Lightning streaked the sky and after a few seconds thunder clapped and shook the kiosk.

“We have to get you to a hospital,” I said, my voice muffled by the whooshing rain.

She shook her head. Blood streamed from her mouth, but somehow the garment continued to look pristine. I had to know.

“Please, I understand you’re going through a bad thing here, but tell me what it’s made of, that thing you’re wearing. Not only that, what is it?”
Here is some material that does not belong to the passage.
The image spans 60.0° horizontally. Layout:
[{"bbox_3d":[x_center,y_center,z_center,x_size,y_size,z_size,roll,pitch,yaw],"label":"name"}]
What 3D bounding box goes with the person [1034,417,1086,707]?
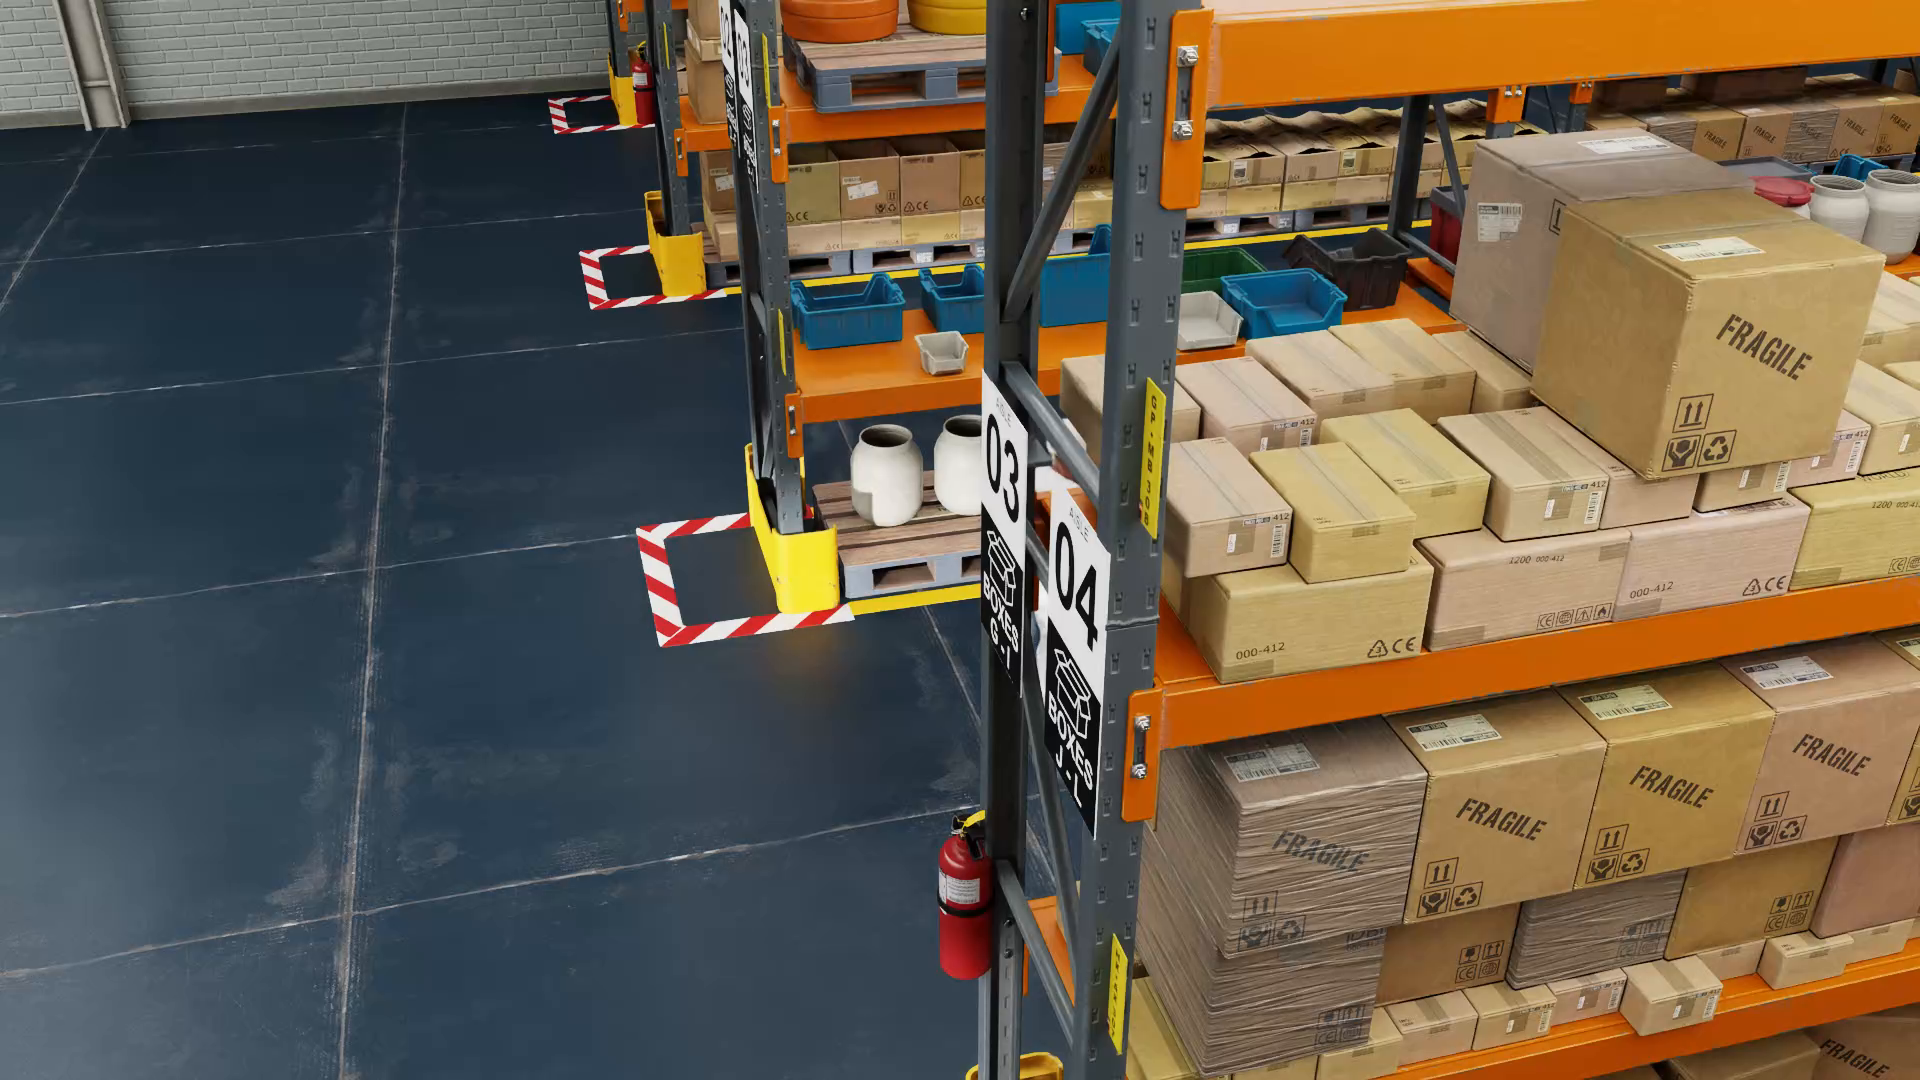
[{"bbox_3d":[0.568,0.209,7.859,0.575,1.761,0.505,-8,31,-14],"label":"person"}]

She shook her head again but this time turned and bolted away from the kiosk, her shoes slapping the wet ground.

“Wait!” I cried. “Wait!”

But she was gone.

Moments later, the rain stopped. I stood there under the eaves with my head full of questions. Rather than bring communion, the rain had brought confusion and despair. Was that woman okay? She would bleed out in no time at that rate. The people you run into in this life. Where I was going next, I had no idea. Maybe I needed to get to a hospital. My head was fucked up. It must have been one of those things that happen now and then. People forget shit, they forget where they live; they forget who they are. The strange, emaciated man we saw earlier lurched by the kiosk, water dripping off his crooked elbows.
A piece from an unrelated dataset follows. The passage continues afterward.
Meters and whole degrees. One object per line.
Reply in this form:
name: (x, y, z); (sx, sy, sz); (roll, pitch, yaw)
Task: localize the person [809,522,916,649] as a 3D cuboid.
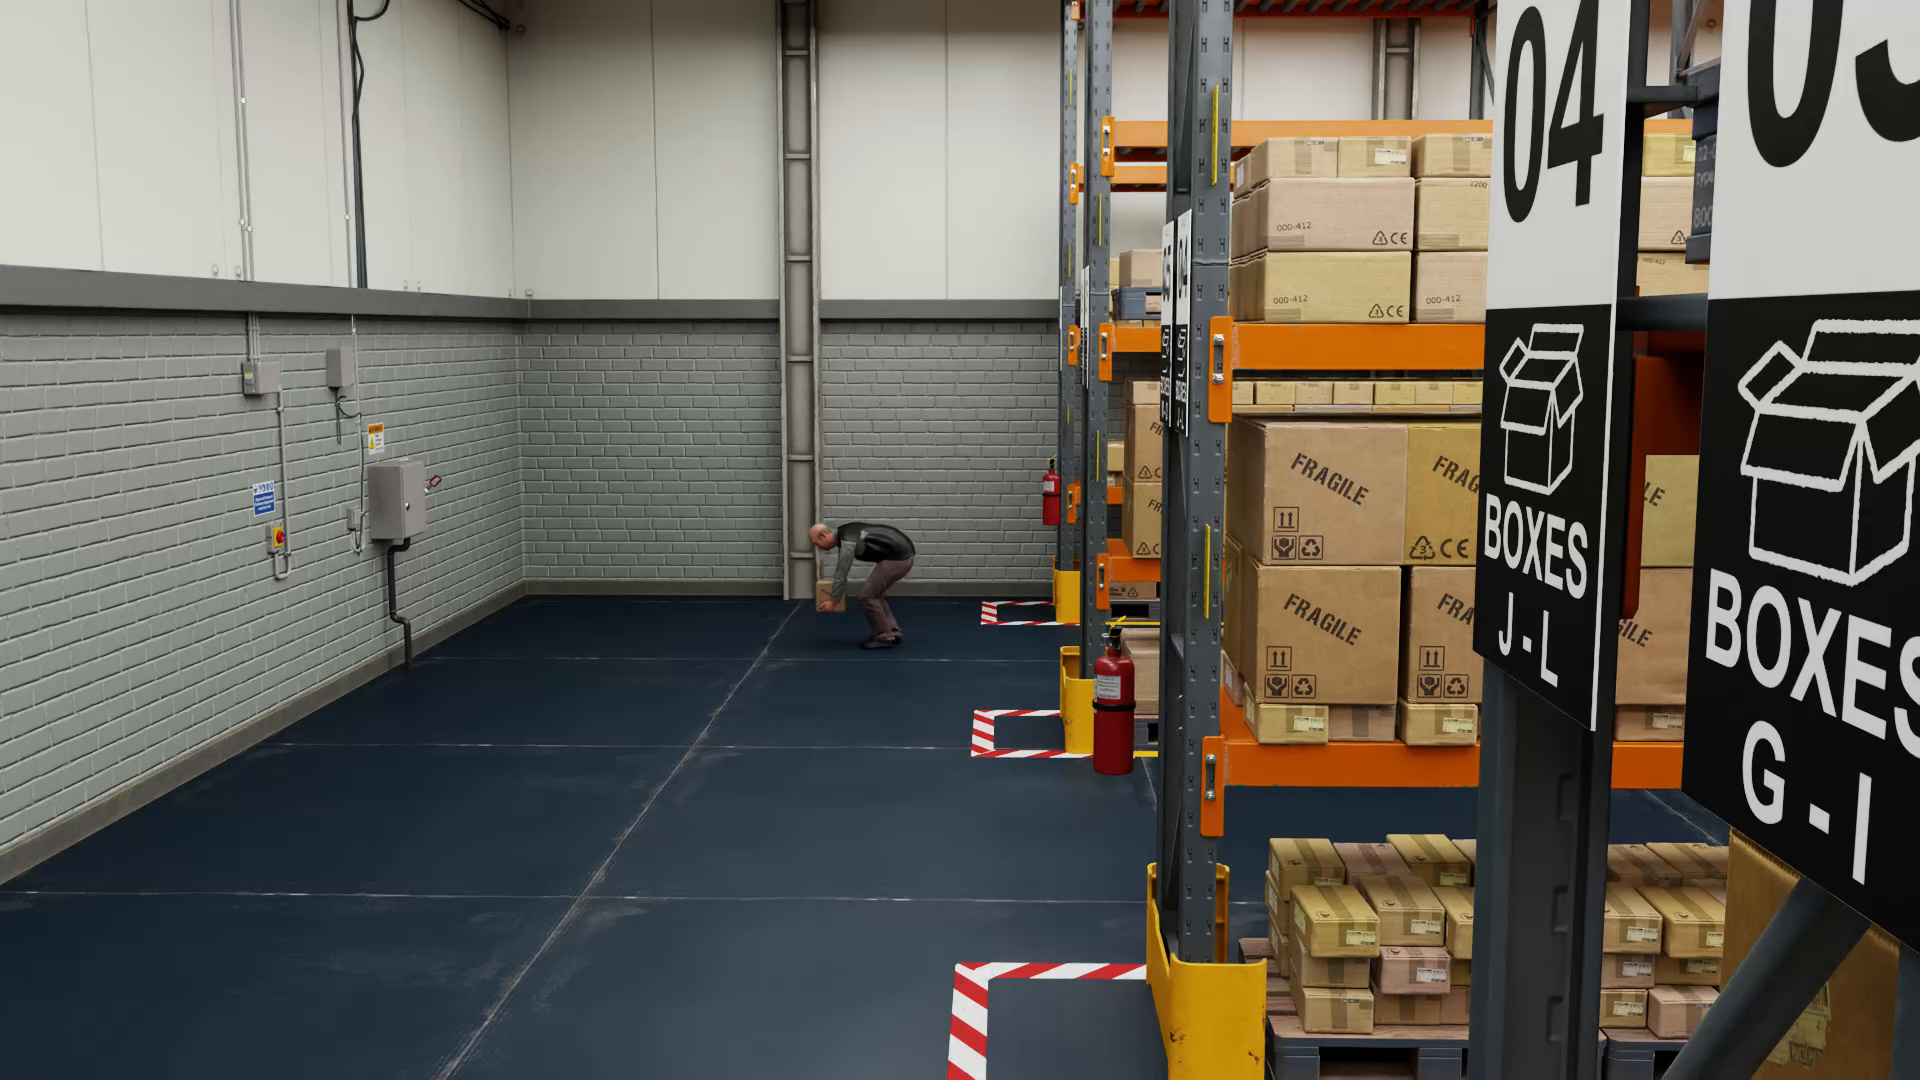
person: (-0.862, 0.392, 14.717); (0.944, 1.108, 0.482); (0, 7, -1)

“Hey,” I said, “did you see a lady with a bleeding mouth and a book?”

His head turned to me without his shoulders moving and his mouth opened before any sound emerged. It took a beat, but finally he said, “No.”

I moved my jaws in a slow rotary motion and sighed.

As the man moved on, a shiny green garter snake eased its way along the sopping ground at my feet. I froze. I watched the snake squiggle its way into a dripping bush and disappear. This made me so sad I burst into tears.


Sal Difalco’s short prose has appeared in print and online.